Task description: Up to and including the line with "# Sketch1 → Base-Flange1 (new body)", please reproduce the lines below exactly, beginning with the first.

[Opening Study material section]

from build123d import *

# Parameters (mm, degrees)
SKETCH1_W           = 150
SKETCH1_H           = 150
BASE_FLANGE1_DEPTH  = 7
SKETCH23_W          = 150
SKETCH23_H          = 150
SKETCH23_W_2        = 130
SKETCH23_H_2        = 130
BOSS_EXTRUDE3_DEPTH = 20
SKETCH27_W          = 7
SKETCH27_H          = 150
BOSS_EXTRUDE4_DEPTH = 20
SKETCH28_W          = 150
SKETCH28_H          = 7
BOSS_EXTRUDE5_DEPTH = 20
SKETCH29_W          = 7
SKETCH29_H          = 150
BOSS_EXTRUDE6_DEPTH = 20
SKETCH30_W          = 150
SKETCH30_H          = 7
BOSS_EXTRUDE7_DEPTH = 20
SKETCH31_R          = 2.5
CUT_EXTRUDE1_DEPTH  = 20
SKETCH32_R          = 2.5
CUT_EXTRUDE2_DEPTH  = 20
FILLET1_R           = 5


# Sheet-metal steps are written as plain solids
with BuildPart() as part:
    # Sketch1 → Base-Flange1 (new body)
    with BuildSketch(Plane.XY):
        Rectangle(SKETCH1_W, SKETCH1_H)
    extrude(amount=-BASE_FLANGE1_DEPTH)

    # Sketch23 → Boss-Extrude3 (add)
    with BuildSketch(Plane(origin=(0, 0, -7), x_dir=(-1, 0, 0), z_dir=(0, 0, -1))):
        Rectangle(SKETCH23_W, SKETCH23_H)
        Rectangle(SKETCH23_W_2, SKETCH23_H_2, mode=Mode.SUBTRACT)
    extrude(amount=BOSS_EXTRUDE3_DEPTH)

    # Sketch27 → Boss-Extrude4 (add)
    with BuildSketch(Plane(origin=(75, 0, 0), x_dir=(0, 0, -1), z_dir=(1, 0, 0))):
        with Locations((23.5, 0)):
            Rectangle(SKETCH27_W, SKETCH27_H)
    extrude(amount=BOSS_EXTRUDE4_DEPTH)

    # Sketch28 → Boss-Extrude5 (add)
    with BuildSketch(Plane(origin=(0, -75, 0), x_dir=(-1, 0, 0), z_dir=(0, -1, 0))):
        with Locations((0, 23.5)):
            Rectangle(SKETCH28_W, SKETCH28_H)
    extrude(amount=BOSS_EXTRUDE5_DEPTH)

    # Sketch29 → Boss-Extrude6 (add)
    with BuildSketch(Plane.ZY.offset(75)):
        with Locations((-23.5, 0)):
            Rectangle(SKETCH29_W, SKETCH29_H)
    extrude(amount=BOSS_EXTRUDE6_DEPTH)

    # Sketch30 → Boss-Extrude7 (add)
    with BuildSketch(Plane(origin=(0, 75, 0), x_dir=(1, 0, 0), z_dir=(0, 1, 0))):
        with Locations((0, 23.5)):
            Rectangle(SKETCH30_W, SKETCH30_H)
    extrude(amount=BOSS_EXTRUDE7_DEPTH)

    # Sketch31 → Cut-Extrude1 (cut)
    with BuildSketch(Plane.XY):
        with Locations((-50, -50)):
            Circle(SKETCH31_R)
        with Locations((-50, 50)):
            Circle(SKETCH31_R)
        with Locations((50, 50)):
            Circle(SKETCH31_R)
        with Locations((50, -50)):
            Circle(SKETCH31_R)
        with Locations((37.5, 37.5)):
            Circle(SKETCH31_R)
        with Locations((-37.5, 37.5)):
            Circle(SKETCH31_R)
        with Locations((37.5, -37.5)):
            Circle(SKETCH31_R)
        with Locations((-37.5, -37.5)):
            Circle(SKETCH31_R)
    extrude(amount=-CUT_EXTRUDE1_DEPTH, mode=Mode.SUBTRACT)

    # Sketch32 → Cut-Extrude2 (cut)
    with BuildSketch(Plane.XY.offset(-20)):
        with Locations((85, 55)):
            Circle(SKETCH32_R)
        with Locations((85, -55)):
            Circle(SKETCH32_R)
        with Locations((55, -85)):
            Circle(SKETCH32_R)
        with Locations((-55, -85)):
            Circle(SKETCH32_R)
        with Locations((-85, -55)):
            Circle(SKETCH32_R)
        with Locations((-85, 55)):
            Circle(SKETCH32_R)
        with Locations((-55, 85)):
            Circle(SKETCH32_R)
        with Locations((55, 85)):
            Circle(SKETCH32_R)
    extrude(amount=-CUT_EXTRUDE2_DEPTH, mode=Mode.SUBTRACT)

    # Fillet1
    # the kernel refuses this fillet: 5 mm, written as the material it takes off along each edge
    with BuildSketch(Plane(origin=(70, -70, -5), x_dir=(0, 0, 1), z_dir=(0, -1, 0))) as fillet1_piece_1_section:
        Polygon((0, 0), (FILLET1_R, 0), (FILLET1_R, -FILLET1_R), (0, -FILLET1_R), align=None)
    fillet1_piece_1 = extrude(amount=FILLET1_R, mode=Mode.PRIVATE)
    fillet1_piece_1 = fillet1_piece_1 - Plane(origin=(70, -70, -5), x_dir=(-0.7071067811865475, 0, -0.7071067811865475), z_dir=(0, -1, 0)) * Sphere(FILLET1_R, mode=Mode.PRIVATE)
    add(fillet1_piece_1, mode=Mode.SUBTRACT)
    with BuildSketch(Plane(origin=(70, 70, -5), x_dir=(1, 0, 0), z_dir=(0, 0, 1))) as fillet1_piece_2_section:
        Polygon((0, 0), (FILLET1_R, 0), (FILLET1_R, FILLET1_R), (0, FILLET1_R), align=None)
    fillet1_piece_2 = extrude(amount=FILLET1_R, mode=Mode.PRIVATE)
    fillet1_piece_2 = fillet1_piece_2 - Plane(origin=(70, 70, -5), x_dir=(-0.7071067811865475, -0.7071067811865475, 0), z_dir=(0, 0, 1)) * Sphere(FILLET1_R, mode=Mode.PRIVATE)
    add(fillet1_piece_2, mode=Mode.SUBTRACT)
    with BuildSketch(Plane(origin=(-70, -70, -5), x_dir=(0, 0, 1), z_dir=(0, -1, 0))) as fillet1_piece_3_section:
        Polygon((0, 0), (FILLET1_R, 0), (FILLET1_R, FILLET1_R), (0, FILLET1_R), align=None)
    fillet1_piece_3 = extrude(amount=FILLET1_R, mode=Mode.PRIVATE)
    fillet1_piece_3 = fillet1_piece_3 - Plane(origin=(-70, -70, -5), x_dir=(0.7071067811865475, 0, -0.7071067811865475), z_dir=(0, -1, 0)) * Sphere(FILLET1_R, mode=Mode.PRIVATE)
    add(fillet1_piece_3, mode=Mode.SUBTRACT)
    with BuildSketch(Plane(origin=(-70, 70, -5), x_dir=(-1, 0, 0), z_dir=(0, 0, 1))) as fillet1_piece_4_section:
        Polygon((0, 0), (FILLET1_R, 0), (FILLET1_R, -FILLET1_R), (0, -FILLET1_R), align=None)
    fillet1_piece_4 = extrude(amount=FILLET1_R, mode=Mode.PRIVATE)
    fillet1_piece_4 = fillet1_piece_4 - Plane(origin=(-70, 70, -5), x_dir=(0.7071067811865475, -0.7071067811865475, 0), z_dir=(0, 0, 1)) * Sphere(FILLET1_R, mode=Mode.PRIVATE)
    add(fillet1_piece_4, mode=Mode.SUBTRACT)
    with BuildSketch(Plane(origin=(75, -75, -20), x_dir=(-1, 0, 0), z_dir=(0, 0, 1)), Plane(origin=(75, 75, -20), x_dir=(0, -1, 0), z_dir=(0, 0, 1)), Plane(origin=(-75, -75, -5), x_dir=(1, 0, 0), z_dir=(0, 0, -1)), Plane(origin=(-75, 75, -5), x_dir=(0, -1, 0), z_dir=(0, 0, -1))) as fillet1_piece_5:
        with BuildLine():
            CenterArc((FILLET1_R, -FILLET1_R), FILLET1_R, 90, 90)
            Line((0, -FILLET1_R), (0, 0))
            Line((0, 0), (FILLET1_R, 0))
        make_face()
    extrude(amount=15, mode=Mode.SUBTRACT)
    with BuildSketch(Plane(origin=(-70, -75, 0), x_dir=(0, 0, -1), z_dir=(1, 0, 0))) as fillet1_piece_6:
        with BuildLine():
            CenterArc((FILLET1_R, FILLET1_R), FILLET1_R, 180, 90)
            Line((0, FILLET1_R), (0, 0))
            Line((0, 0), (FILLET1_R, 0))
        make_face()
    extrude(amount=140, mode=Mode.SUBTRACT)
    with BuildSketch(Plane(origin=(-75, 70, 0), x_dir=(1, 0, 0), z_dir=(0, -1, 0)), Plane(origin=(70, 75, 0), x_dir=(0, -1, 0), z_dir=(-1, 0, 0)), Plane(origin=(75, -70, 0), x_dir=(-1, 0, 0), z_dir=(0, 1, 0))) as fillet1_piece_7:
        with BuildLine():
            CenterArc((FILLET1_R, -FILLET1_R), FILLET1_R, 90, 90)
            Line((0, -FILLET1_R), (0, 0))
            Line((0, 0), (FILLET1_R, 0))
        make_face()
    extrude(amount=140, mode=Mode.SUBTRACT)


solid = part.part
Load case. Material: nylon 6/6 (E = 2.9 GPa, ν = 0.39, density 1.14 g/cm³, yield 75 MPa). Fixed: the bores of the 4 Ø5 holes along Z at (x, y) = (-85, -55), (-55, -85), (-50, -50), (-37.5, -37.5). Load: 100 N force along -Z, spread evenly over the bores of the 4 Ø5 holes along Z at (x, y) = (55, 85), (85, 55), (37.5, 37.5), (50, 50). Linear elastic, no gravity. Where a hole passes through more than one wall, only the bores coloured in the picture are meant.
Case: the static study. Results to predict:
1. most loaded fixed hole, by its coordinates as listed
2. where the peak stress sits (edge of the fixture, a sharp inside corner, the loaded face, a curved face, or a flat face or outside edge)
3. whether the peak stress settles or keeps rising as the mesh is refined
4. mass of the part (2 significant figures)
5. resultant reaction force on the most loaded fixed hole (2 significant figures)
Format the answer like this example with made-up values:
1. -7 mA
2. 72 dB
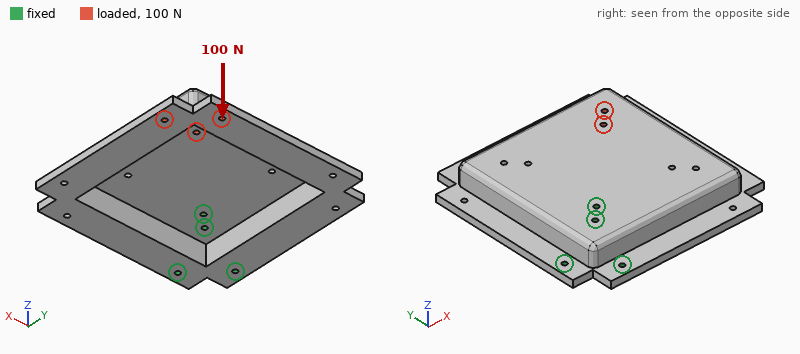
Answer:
1. (-37.5, -37.5)
2. edge of the fixture
3. keeps rising
4. 400 g
5. 290 N
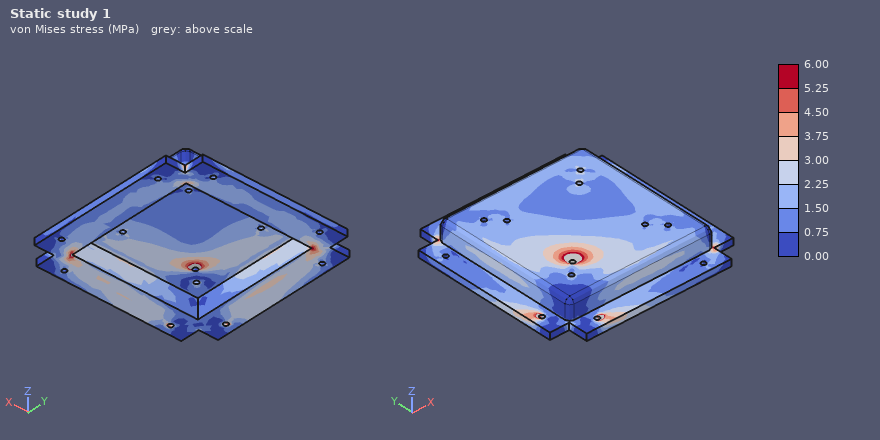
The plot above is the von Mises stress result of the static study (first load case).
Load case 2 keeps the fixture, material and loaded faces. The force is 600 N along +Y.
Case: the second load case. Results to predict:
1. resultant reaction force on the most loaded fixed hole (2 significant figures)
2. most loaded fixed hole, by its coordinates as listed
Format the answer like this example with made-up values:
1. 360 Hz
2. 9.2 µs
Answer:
1. 1.6 kN
2. (-37.5, -37.5)
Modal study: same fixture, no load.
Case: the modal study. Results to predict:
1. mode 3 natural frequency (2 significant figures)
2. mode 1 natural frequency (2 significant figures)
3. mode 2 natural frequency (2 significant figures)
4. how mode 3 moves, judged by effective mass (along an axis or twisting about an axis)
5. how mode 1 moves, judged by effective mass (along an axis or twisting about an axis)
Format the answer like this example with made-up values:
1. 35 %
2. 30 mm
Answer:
1. 330 Hz
2. 110 Hz
3. 170 Hz
4. along Z
5. along Z

[Closing Study material section]

Written response:
from build123d import *

# Parameters (mm, degrees)
SKETCH1_W           = 150
SKETCH1_H           = 150
BASE_FLANGE1_DEPTH  = 7
SKETCH23_W          = 150
SKETCH23_H          = 150
SKETCH23_W_2        = 130
SKETCH23_H_2        = 130
BOSS_EXTRUDE3_DEPTH = 20
SKETCH27_W          = 7
SKETCH27_H          = 150
BOSS_EXTRUDE4_DEPTH = 20
SKETCH28_W          = 150
SKETCH28_H          = 7
BOSS_EXTRUDE5_DEPTH = 20
SKETCH29_W          = 7
SKETCH29_H          = 150
BOSS_EXTRUDE6_DEPTH = 20
SKETCH30_W          = 150
SKETCH30_H          = 7
BOSS_EXTRUDE7_DEPTH = 20
SKETCH31_R          = 2.5
CUT_EXTRUDE1_DEPTH  = 20
SKETCH32_R          = 2.5
CUT_EXTRUDE2_DEPTH  = 20
FILLET1_R           = 5


# Sheet-metal steps are written as plain solids
with BuildPart() as part:
    # Sketch1 → Base-Flange1 (new body)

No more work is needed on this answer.